Но неожиданно случилось нечто удивительное: холодный, бессердечный Генри Крофорд полюбил глубоко и искренне, полюбил страстно, со всем пылом молодости, скромную и незаметную кузину сестер Бертрам, Фанни, далеко уступавшую признанным красавицам Марии и Джулии и в красоте, и в талантах, и в утонченности воспитания, и в изысканности манер. Трудно сказать, как такое могло произойти, но только завзятый сердцеед, неприступный Генри Крофорд, неуязвимый для стрел любви, совершенно потерял голову и отчаянно умолял Фанни Прайс стать его женой.
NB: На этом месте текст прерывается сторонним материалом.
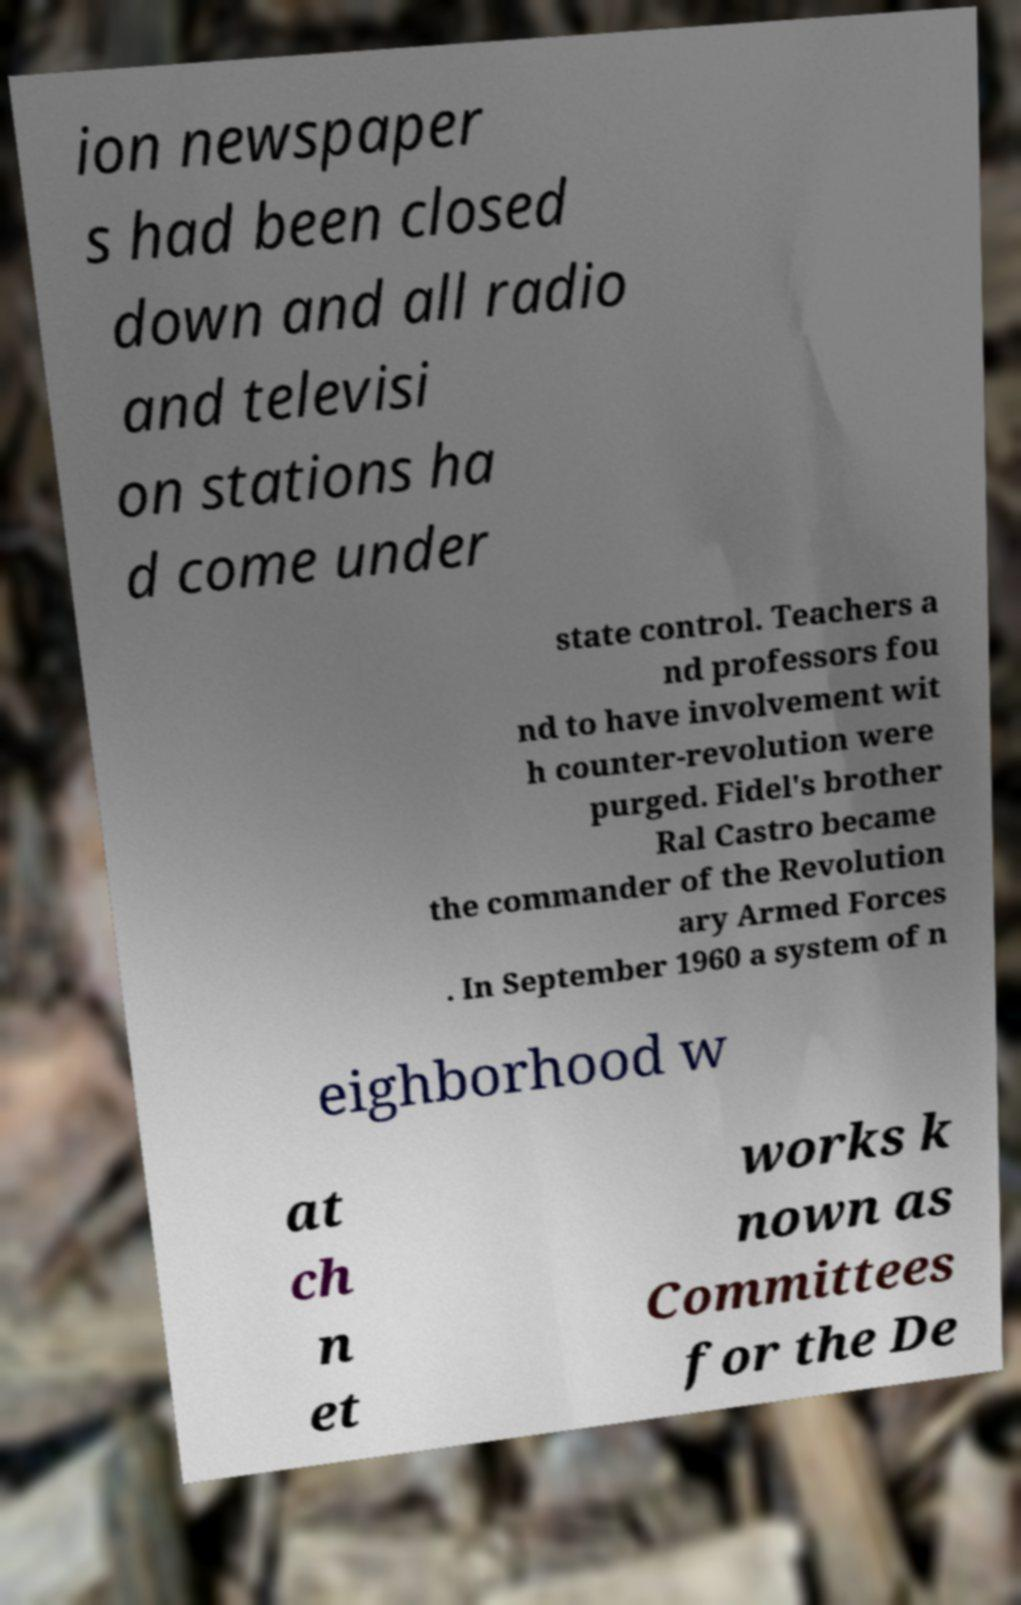What messages or text are displayed in this image? I need them in a readable, typed format. ion newspaper s had been closed down and all radio and televisi on stations ha d come under state control. Teachers a nd professors fou nd to have involvement wit h counter-revolution were purged. Fidel's brother Ral Castro became the commander of the Revolution ary Armed Forces . In September 1960 a system of n eighborhood w at ch n et works k nown as Committees for the De

«Отчего же ты отказала ему, сестра?» — неизменно спрашивала Сьюзен на этом месте рассказа. И вправду, если не считать присущего ему легкомыслия и ветрености, с которой он играл чувствами сестер Бертрам (этот проступок Сьюзен судила и вполовину не столь сурово, как сестра, ибо, не питая любви к Джулии Бертрам, готова была с легкостью простить другому презрение к этой особе), Генри Крофорд даже такой, каким изображала его Фанни, строго его осуждавшая, был щедро одарен множеством неоспоримых достоинств. Едва ли его можно было назвать красавцем, но природное обаяние, учтивость и безукоризненные манеры обеспечивали ему успех в любом окружении; он умел говорить занимательно о всяком предмете, был хорошо образован, обладал несомненным актерским даром, превосходно пел и декламировал; искусный и храбрый наездник, умелый и рачительный хозяин в своем поместье, он отличался редким добросердечием и, желая услужить другому, готов был приложить все старания и усердие.
«Так почему же ты не пошла за него, сестрица?» — повторяла, бывало, Сьюзен, и Фанни всякий раз отвечала: «Надобно ли спрашивать? Да обладай он всеми мыслимыми совершенствами, возвышенной душой и добрым нравом, вдобавок к похвальным его качествам, я отказала бы ему, потому что еще ребенком отдала свое сердце кузену Эдмунду. А потом, ты знаешь сама, разразился скандал из-за Марии, который невозвратимо разобщил наши семьи, сделав нас далекими, чуждыми друг другу. Бедный Эдмунд! Как он был подавлен, как сокрушен в те дни, а причиной тому — его привязанность к Мэри».